ADB-FUBIATA

Legal status
- Legal status: BR: Class F2 (Prohibited psychotropics);

Identifiers
- IUPAC name (2S)-2-[[2-[1-[(4-fluorophenyl)methyl]indol-3-yl]acetyl]amino]-3,3-dimethylbutanamide;
- CAS Number: 2938025-73-9;
- PubChem CID: 165361558;
- ChemSpider: 114876989;
- UNII: JK42U6CPT3;
- CompTox Dashboard (EPA): DTXSID301342377 ;

Chemical and physical data
- Formula: C_{23}H_{26}FN_{3}O_{2}
- Molar mass: 395.478 g·mol^{−1}
- 3D model (JSmol): Interactive image;
- SMILES CC(C)(C)[C@@H](C(=O)N)NC(=O)CC1=CN(C2=CC=CC=C21)CC3=CC=C(C=C3)F;
- InChI InChI=1S/C23H26FN3O2/c1-23(2,3)21(22(25)29)26-20(28)12-16-14-27(19-7-5-4-6-18(16)19)13-15-8-10-17(24)11-9-15/h4-11,14,21H,12-13H2,1-3H3,(H2,25,29)(H,26,28)/t21-/m1/s1; Key:KHAUCCNSUMBFOT-OAQYLSRUSA-N;

= ADB-FUBIATA =

Chemical compound

ADB-FUBIATA (AD-18, FUB-ACADB, ADB-FUBIACA) is a synthetic cannabinoid compound first identified in 2021. It is closely related in structure to the older compound ADB-FUBICA but with the amide linker group extended by the addition of a methylene bridge.
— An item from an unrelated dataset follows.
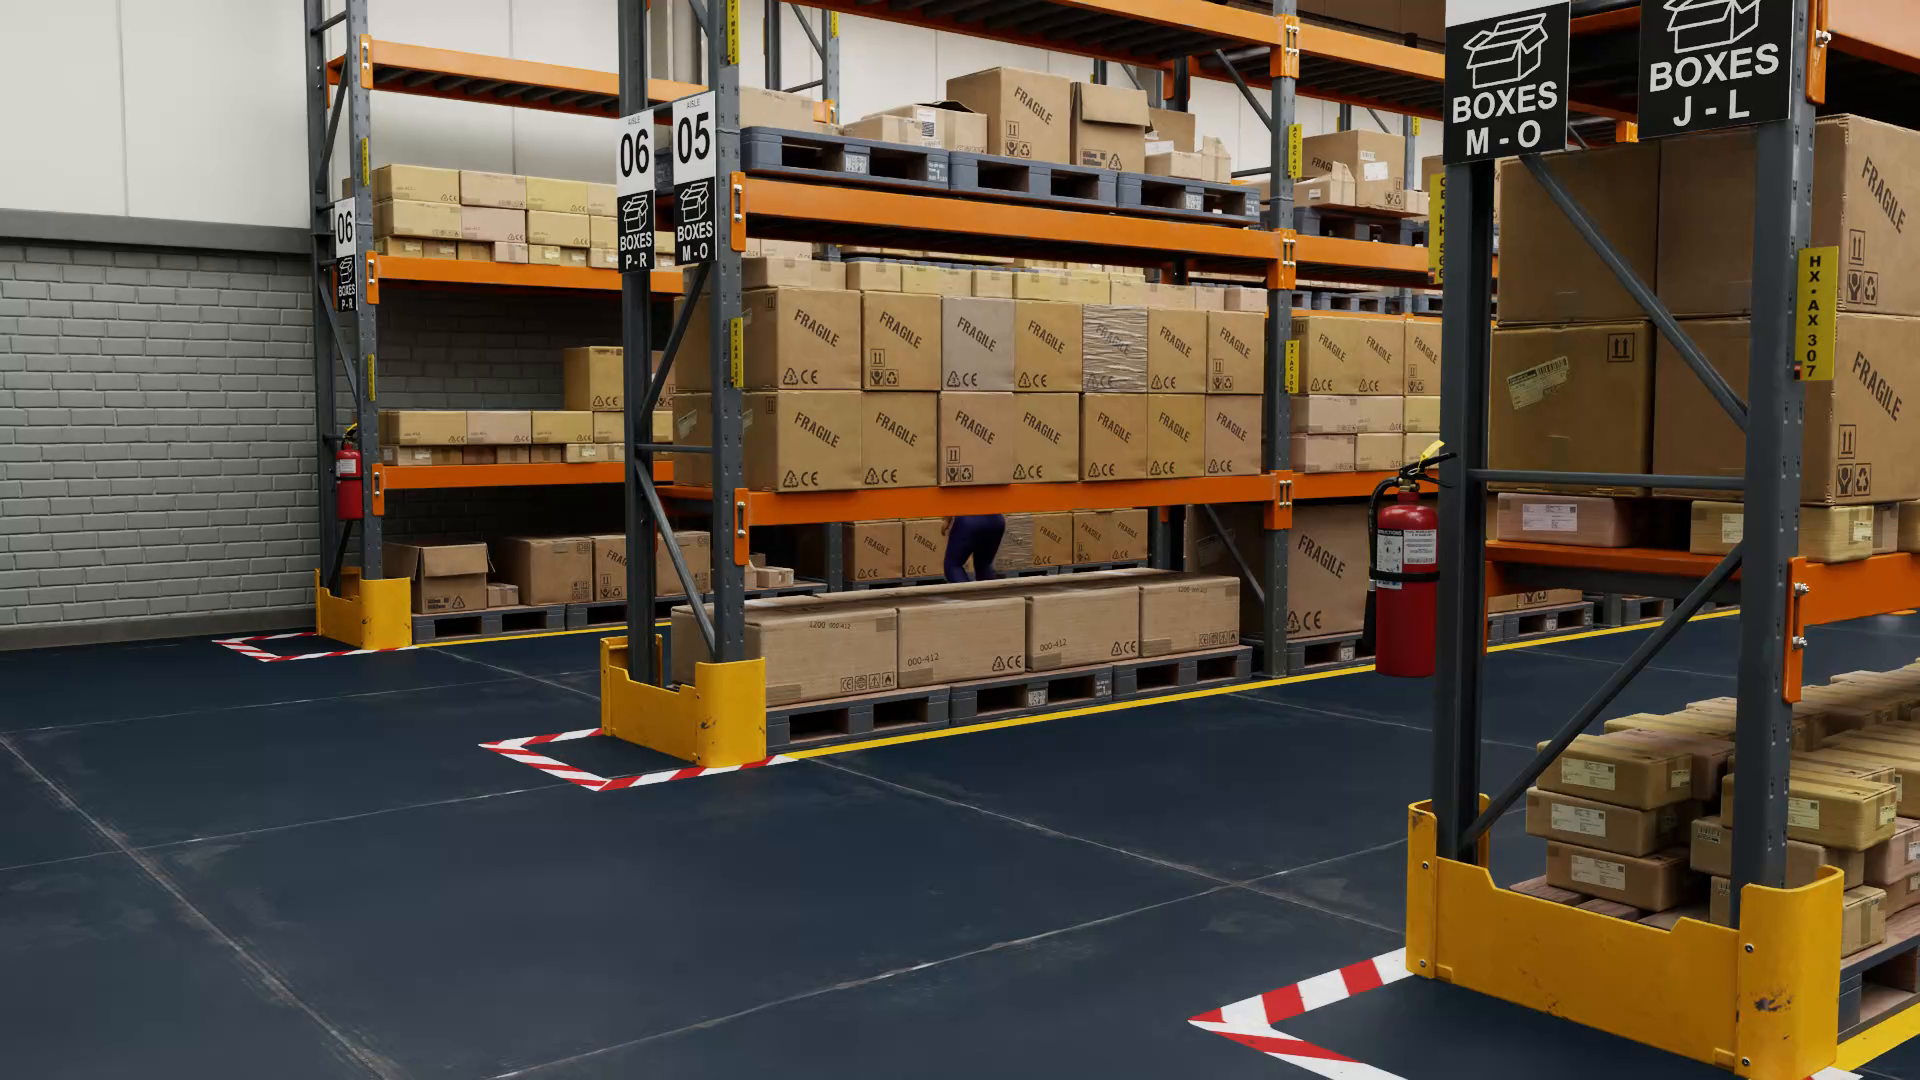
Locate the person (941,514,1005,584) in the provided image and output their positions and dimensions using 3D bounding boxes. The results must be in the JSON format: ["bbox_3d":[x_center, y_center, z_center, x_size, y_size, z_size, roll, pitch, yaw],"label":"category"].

It started to be sold as an ingredient in grey-market synthetic cannabis blends following the introduction of legislation in China which for the first time introduced general controls on various classes of synthetic cannabinoids, but did not encompass compounds where the linker group had been extended in this fashion. ADB-FUBIATA has many times lower affinity for cannabinoid receptors than ADB-FUBICA with an EC_{50} of only 635 nM at CB_{1}, but retains full agonist activity at this target, while being practically inactive at CB_{2}. ADB-FUBIATA is a tryptamine derivative, but is completely inactive as an agonist of the serotonin 5-HT_{2A} receptor.

== Legality ==
In the United States ADB-FUBIATA is unscheduled at the federal level as of May 22, 2023 but may be considered under the federal analogue act if sold for human consumption. North Dakota has placed ADB-FUBIATA into Schedule I on 04/27/2023.